**Directions for this task:**
Locate the word "oriented" in the entries below, then gather every line that holds it.
--------
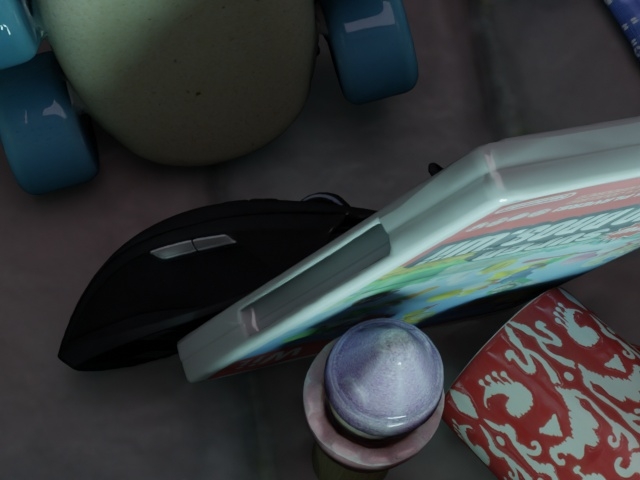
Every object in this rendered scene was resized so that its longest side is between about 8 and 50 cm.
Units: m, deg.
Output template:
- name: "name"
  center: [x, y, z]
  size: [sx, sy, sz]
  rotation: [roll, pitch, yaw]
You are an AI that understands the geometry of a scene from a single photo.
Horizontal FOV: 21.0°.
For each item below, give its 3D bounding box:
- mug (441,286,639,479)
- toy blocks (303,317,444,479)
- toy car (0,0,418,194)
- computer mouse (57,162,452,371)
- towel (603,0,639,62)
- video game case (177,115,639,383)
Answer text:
- name: "mug"
  center: [0.156, 0.112, 0.874]
  size: [0.169, 0.150, 0.113]
  rotation: [43, 107, 16]
- name: "toy blocks"
  center: [-0.011, 0.209, 0.721]
  size: [0.288, 0.260, 0.309]
  rotation: [-24, 72, -14]
- name: "toy car"
  center: [-0.088, -0.180, 0.912]
  size: [0.219, 0.210, 0.238]
  rotation: [-16, 58, 1]
- name: "computer mouse"
  center: [0.000, 0.000, 0.873]
  size: [0.262, 0.184, 0.060]
  rotation: [-22, 80, 26]
- name: "towel"
  center: [0.326, -0.089, 0.988]
  size: [0.243, 0.040, 0.336]
  rotation: [-24, 73, -13]
- name: "video game case"
  center: [0.080, 0.002, 0.770]
  size: [0.204, 0.285, 0.025]
  rotation: [-11, 79, -31]
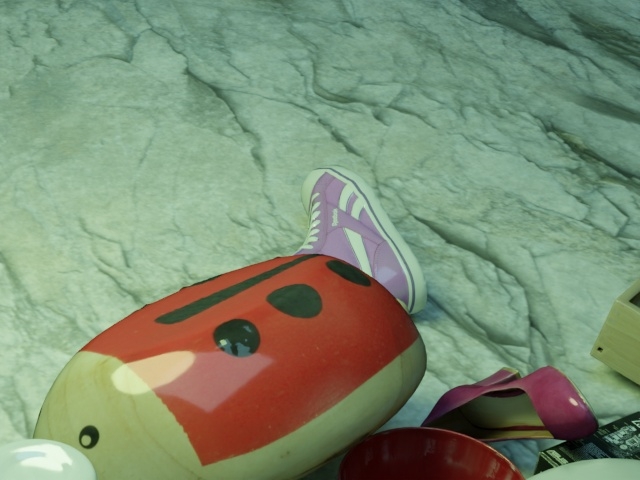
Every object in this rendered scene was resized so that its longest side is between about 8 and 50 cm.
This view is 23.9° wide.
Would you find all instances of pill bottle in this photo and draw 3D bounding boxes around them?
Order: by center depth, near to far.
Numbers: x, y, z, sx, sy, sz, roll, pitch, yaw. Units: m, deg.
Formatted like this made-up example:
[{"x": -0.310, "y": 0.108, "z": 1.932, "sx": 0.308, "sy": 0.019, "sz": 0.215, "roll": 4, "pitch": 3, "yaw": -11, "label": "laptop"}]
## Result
[{"x": -0.240, "y": 0.265, "z": 1.262, "sx": 0.103, "sy": 0.184, "sz": 0.103, "roll": 6, "pitch": 30, "yaw": -3, "label": "pill bottle"}]

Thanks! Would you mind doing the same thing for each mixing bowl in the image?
[{"x": 0.100, "y": 0.267, "z": 1.417, "sx": 0.181, "sy": 0.098, "sz": 0.181, "roll": 6, "pitch": 31, "yaw": -4, "label": "mixing bowl"}]

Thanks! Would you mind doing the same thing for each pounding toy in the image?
[{"x": 0.446, "y": 0.126, "z": 1.746, "sx": 0.206, "sy": 0.094, "sz": 0.181, "roll": 32, "pitch": 33, "yaw": 20, "label": "pounding toy"}]

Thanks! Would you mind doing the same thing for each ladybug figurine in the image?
[{"x": -0.087, "y": 0.131, "z": 1.467, "sx": 0.449, "sy": 0.162, "sz": 0.305, "roll": -26, "pitch": 19, "yaw": -38, "label": "ladybug figurine"}]

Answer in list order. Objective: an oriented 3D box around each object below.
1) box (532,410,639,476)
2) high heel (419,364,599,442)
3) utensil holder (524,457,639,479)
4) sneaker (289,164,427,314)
[{"x": 0.319, "y": 0.265, "z": 1.487, "sx": 0.147, "sy": 0.077, "sz": 0.180, "roll": -16, "pitch": 38, "yaw": -34, "label": "box"}, {"x": 0.186, "y": 0.180, "z": 1.520, "sx": 0.117, "sy": 0.082, "sz": 0.244, "roll": -31, "pitch": 14, "yaw": -14, "label": "high heel"}, {"x": 0.232, "y": 0.337, "z": 1.004, "sx": 0.328, "sy": 0.327, "sz": 0.385, "roll": 7, "pitch": 6, "yaw": 0, "label": "utensil holder"}, {"x": 0.000, "y": -0.001, "z": 1.850, "sx": 0.161, "sy": 0.102, "sz": 0.282, "roll": -10, "pitch": 34, "yaw": -21, "label": "sneaker"}]
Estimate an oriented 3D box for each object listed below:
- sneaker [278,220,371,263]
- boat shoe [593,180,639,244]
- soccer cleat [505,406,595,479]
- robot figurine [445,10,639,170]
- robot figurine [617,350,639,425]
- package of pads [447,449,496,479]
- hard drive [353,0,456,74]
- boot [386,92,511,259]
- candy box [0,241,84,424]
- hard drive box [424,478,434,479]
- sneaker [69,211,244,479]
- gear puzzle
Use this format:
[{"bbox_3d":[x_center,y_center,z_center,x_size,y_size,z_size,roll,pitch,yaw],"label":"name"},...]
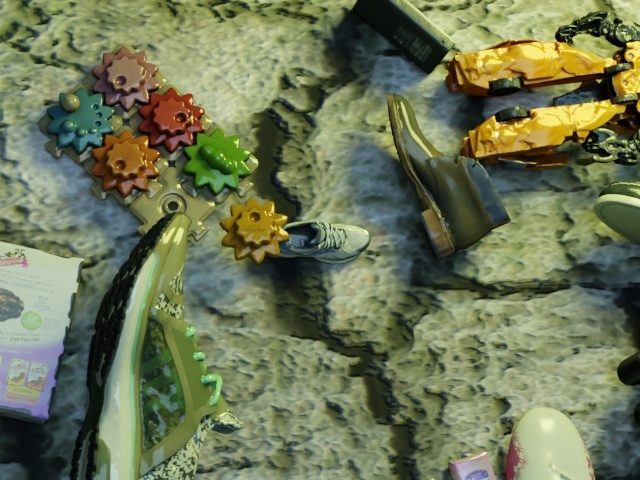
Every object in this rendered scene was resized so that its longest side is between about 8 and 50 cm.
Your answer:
[{"bbox_3d":[0.000,0.000,1.931,0.135,0.058,0.052,-3,78,-13],"label":"sneaker"},{"bbox_3d":[0.515,-0.037,2.014,0.340,0.127,0.113,15,74,-10],"label":"boat shoe"},{"bbox_3d":[0.297,0.362,1.868,0.116,0.143,0.331,1,77,-12],"label":"soccer cleat"},{"bbox_3d":[0.318,-0.188,2.027,0.291,0.085,0.211,-8,80,-13],"label":"robot figurine"},{"bbox_3d":[0.518,0.150,1.951,0.278,0.173,0.209,-17,117,-15],"label":"robot figurine"},{"bbox_3d":[0.193,0.305,1.917,0.050,0.032,0.083,-16,81,-12],"label":"package of pads"},{"bbox_3d":[0.106,-0.277,1.996,0.135,0.094,0.022,40,74,-1],"label":"hard drive"},{"bbox_3d":[0.159,-0.095,1.962,0.106,0.082,0.219,-20,92,5],"label":"boot"},{"bbox_3d":[-0.379,0.102,1.821,0.164,0.070,0.196,13,76,-9],"label":"candy box"},{"bbox_3d":[0.108,0.429,1.842,0.181,0.089,0.232,-30,85,-17],"label":"hard drive box"},{"bbox_3d":[-0.177,0.173,1.825,0.182,0.158,0.410,12,83,-20],"label":"sneaker"},{"bbox_3d":[-0.179,-0.090,1.896,0.339,0.044,0.175,42,73,8],"label":"gear puzzle"}]
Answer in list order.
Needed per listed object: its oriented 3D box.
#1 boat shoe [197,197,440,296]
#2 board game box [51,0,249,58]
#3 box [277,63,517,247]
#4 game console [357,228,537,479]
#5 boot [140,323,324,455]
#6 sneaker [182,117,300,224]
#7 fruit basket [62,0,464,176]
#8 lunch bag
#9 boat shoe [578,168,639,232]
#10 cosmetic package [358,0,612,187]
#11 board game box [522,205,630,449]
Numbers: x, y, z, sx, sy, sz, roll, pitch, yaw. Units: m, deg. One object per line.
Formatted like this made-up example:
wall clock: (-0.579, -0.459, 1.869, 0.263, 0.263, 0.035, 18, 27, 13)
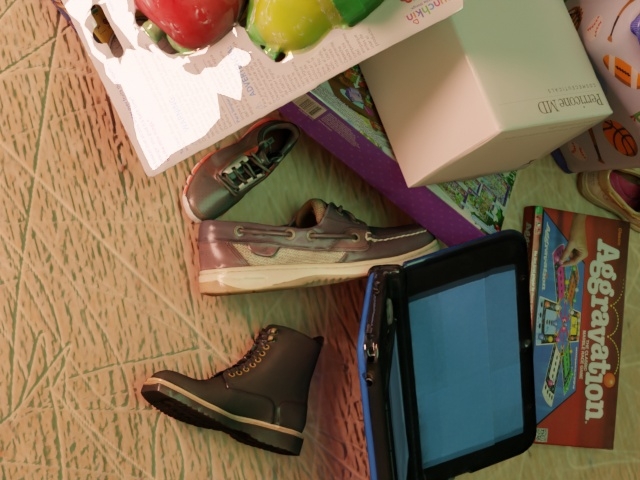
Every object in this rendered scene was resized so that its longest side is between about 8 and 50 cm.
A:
--------
**Exercise response:**
Answer in list order. Objective: an oriented 3D box around each object below.
Estimate an oriented 3D box for each object listed below:
Needed per listed object: its oriented 3D box.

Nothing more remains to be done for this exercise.